MANOAH OF NARBONNE (end of 13th and first half of 14th century), Provençal scholar. No biographical details are known of him. Even the name of his father is uncertain (see Hurvitz in bibl.). Some (Geiger, according to Isaac b. Sheshet, resp. no. 85, and Samuel b. Meshullam Gerondi, Ohel Mo'ed pt. 1, Jerusalem 1886 ed., 88b) are of the opinion that his father's name was Simeon; others (Zunz, Gross, and the New York-Schulsinger publishers of Maimonides' Yad) without giving reasons state that it was Jacob. A third view is that there were two scholars named Manoah – one, the subject of this article, whose patronymic is unknown, and a second, the son of Simeon, mentioned in the above responsa, who was the author of Hilkhot Terefot. Manoah's teachers were Meir b. Simeon ha-Me'ili and Reuben b. Ḥayyim. Internal evidence suggests that he was active in Narbonne (ch. 12 of Hilkhot Tefillah: "the custom of this town, Narbonne" quoted in the Shem ha-Gedolim of Azulai).

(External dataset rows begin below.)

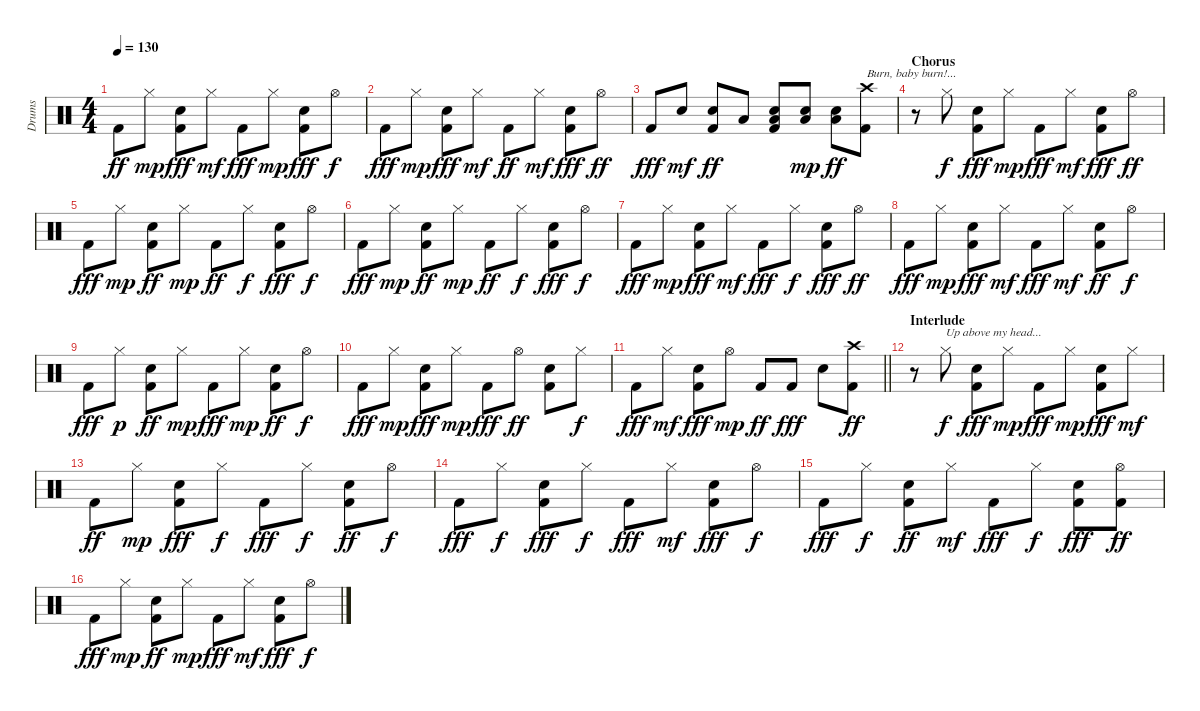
\track ("Drums" "Drums") {instrument percussion}
\staff {score}
\articulation defaults
\ts (4 4)
\tempo 130
\clef neutral
\ks c "Kick (hit) 2".8{dy ff} "Hi-Hat (closed)".8{dy mp}
("Kick (hit) 2" "Snare (hit) 2").8{dy fff} "Hi-Hat (closed)".8{dy mf} "Kick (hit) 2".8{dy fff} "Hi-Hat (closed)".8{dy mp} ("Kick (hit) 2" "Snare (hit) 2").8{dy fff} "Hi-Hat (open)".8{dy f} |
"Kick (hit) 2".8{dy fff} "Hi-Hat (closed)".8{dy mp} ("Kick (hit) 2" "Snare (hit) 2").8{dy fff} "Hi-Hat (closed)".8{dy mf} "Kick (hit) 2".8{dy ff} "Hi-Hat (closed)".8{dy mf} ("Kick (hit) 2" "Snare (hit) 2").8{dy fff} "Hi-Hat (open)".8{dy ff} |
"Kick (hit) 2".8{dy fff} "Snare (hit) 2".8{dy mf} ("Kick (hit) 2" "Snare (hit) 2").8{dy ff} "Low Tom (hit)".8 ("Kick (hit) 2" "Snare (hit) 2" "Low Tom (hit)").8 ("Snare (hit) 2" "Low Floor Tom (hit)").8{dy mp} ("Snare (hit) 2" "Low Floor Tom (hit)").8{dy ff} ("Kick (hit) 2" "Crash high (hit)").8{txt "Burn, baby burn!..."} |
\section ("" "Chorus")
r.8 "Hi-Hat (closed)".8{dy f} ("Kick (hit) 2" "Snare (hit) 2").8{dy fff} "Hi-Hat (closed)".8{dy mp} "Kick (hit) 2".8{dy fff} "Hi-Hat (closed)".8{dy mf} ("Kick (hit) 2" "Snare (hit) 2").8{dy fff} "Hi-Hat (open)".8{dy ff} |
"Kick (hit) 2".8{dy fff} "Hi-Hat (closed)".8{dy mp} ("Kick (hit) 2" "Snare (hit) 2").8{dy ff} "Hi-Hat (closed)".8{dy mp} "Kick (hit) 2".8{dy ff} "Hi-Hat (closed)".8{dy f} ("Kick (hit) 2" "Snare (hit) 2").8{dy fff} "Hi-Hat (open)".8{dy f} |
"Kick (hit) 2".8{dy fff} "Hi-Hat (closed)".8{dy mp} ("Kick (hit) 2" "Snare (hit) 2").8{dy ff} "Hi-Hat (closed)".8{dy mp} "Kick (hit) 2".8{dy ff} "Hi-Hat (closed)".8{dy f} ("Kick (hit) 2" "Snare (hit) 2").8{dy fff} "Hi-Hat (open)".8{dy f} |
"Kick (hit) 2".8{dy fff} "Hi-Hat (closed)".8{dy mp} ("Kick (hit) 2" "Snare (hit) 2").8{dy fff} "Hi-Hat (closed)".8{dy mf} "Kick (hit) 2".8{dy fff} "Hi-Hat (closed)".8{dy f} ("Kick (hit) 2" "Snare (hit) 2").8{dy fff} "Hi-Hat (open)".8{dy ff} |
"Kick (hit) 2".8{dy fff} "Hi-Hat (closed)".8{dy mp} ("Kick (hit) 2" "Snare (hit) 2").8{dy fff} "Hi-Hat (closed)".8{dy mf} "Kick (hit) 2".8{dy fff} "Hi-Hat (closed)".8{dy mf} ("Kick (hit) 2" "Snare (hit) 2").8{dy ff} "Hi-Hat (open)".8{dy f} |
"Kick (hit) 2".8{dy fff} "Hi-Hat (closed)".8{dy p} ("Kick (hit) 2" "Snare (hit) 2").8{dy ff} "Hi-Hat (closed)".8{dy mp} "Kick (hit) 2".8{dy fff} "Hi-Hat (closed)".8{dy mp} ("Kick (hit) 2" "Snare (hit) 2").8{dy ff} "Hi-Hat (open)".8{dy f} |
"Kick (hit) 2".8{dy fff} "Hi-Hat (closed)".8{dy mp} ("Kick (hit) 2" "Snare (hit) 2").8{dy fff} "Hi-Hat (closed)".8{dy mp} "Kick (hit) 2".8{dy fff} "Hi-Hat (open)".8{dy ff} ("Kick (hit) 2" "Snare (hit) 2").8 "Hi-Hat (closed)".8{dy f} |
\barLineRight lightlight "Kick (hit) 2".8{dy fff} "Hi-Hat (closed)".8{dy mf}
("Kick (hit) 2" "Snare (hit) 2").8{dy fff} "Hi-Hat (open)".8{dy mp} "Kick (hit) 2".8{dy ff} "Kick (hit) 2".8{dy fff} "Snare (hit) 2".8 ("Kick (hit) 2" "Crash high (hit)").8{dy ff} |
\section ("" "Interlude")
r.8 "Hi-Hat (closed)".8{txt "Up above my head..." dy f} ("Kick (hit) 2" "Snare (hit) 2").8{dy fff} "Hi-Hat (closed)".8{dy mp} "Kick (hit) 2".8{dy fff} "Hi-Hat (closed)".8{dy mp} ("Kick (hit) 2" "Snare (hit) 2").8{dy fff} "Hi-Hat (closed)".8{dy mf} |
"Kick (hit) 2".8{dy ff} "Hi-Hat (closed)".8{dy mp} ("Kick (hit) 2" "Snare (hit) 2").8{dy fff} "Hi-Hat (closed)".8{dy f} "Kick (hit) 2".8{dy fff} "Hi-Hat (closed)".8{dy f} ("Kick (hit) 2" "Snare (hit) 2").8{dy ff} "Hi-Hat (open)".8{dy f} |
"Kick (hit) 2".8{dy fff} "Hi-Hat (closed)".8{dy f} ("Kick (hit) 2" "Snare (hit) 2").8{dy fff} "Hi-Hat (closed)".8{dy f} "Kick (hit) 2".8{dy fff} "Hi-Hat (closed)".8{dy mf} ("Kick (hit) 2" "Snare (hit) 2").8{dy fff} "Hi-Hat (open)".8{dy f} |
"Kick (hit) 2".8{dy fff} "Hi-Hat (closed)".8{dy f} ("Kick (hit) 2" "Snare (hit) 2").8{dy ff} "Hi-Hat (closed)".8{dy mf} "Kick (hit) 2".8{dy fff} "Hi-Hat (closed)".8{dy f} ("Kick (hit) 2" "Snare (hit) 2").8{dy fff} ("Kick (hit) 2" "Hi-Hat (open)").8{dy ff} |
"Kick (hit) 2".8{dy fff} "Hi-Hat (closed)".8{dy mp} ("Kick (hit) 2" "Snare (hit) 2").8{dy ff} "Hi-Hat (closed)".8{dy mp} "Kick (hit) 2".8{dy fff} "Hi-Hat (closed)".8{dy mf} ("Kick (hit) 2" "Snare (hit) 2").8{dy fff} "Hi-Hat (open)".8{dy f}

Of his works in the sphere of rabbinical literature, that on Maimonides' Mishneh Torah on the laws of leavened and unleavened bread, shofar, the Day of Atonement, sukkah, and lulav has been published (Constantinople, 1718; with the commentary of Simeon Sidon, 1879). An additional portion on the laws of the reading of the Shema, prayer, and the priestly and other blessings is extant in manuscript (Moscow-Guenzburg no. 123). This may be the manuscript seen by Ḥ.J.D. Azulai (Shem ha-Gedolim, 1 (1852), 126 no. 46). An excerpt from this section was published by Hurvitz in Talpioth, 9 (1965). This work is much quoted by Joseph Caro in his Beit Yosef and Kesef Mishneh.

BIBLIOGRAPHY:

A. Geiger, Kevuẓat Ma'amarim, ed. by S.A. Poznański (1910), 254; S.M. Chones, Toledot ha-Posekim (1910), 348; Hurvitz, in: Talpioth, 9 (1965), 136–76, 490–3.